R Cela me semble peu probable. C'est la même chose en politique. Où sont les grandes personnalités politiques aujourd'hui? Où sont les grands intellectuels? Les grands penseurs? Ils sont là, très certainement, mais on ne les voit pas, on ne les entend pas. On ne les met plus en avant. Les vedettes médiatiques ont pris toute la place. L'argent est devenu la seule valeur fondamentale. Est bon ce qui se vend, ce qui rapporte. Point. Tout le reste a désormais moins de valeur. La poésie est disparue. Les poètes qui résistent publient maintenant à compte d'auteur.

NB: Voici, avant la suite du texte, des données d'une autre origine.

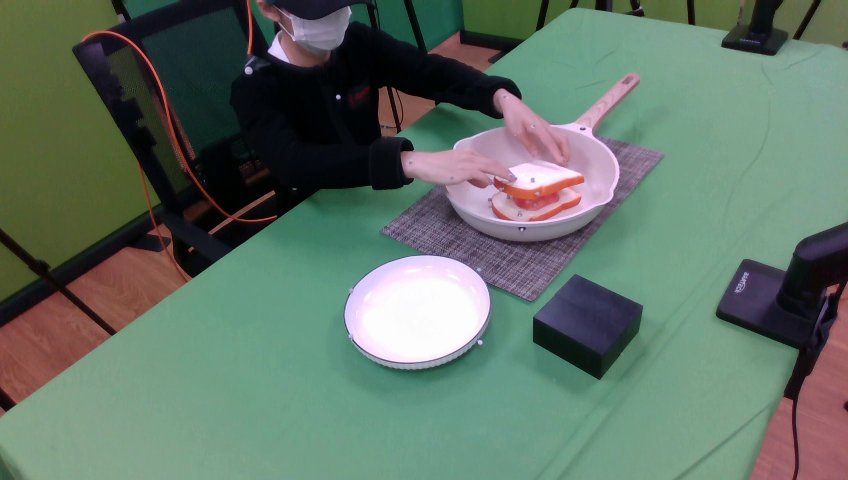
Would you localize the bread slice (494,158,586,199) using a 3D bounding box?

On est dans la grande confusion. Et, pardonnez-moi de le dire, mais je crois que les médias, toujours à la recherche du profit, ont une grande part de responsabilité dans cette confusion.»

Q Emmanuelle Devos étant plutôt liée au cinéma français contemporain, son nom ne nous vient pas obligatoirement à l'esprit quand on évoque un personnage à caractère historique. Or, c'est elle que vous vouliez et personne d'autre. Pourquoi?

R Parce qu'Emmanuelle est une grande actrice et, surtout, une actrice que j'aime. Je savais qu'elle serait formidable. Dès notre première rencontre, j'ai su que ça fonctionnerait entre elle et moi. Je me suis aussi beaucoup inspiré d'Emmanuelle pour l'écriture du scénario.

Q Par où commence-t-on si on veut se familiariser avec l'oeuvre de Violette Leduc?

R Je vous suggérerais de faire ce que j'ai fait. Commencez avec La bâtarde, son livre le plus connu. On en retrouve certains aspects dans le film, d'ailleurs. Ensuite La folie en tête, La chasse à l'amour. Après cette trilogie, allez vers les premières oeuvres: L'asphyxie et L'affamée. À l'occasion de la sortie du film, plusieurs oeuvres de Violette Leduc sont rééditées. Je suis content pour elle!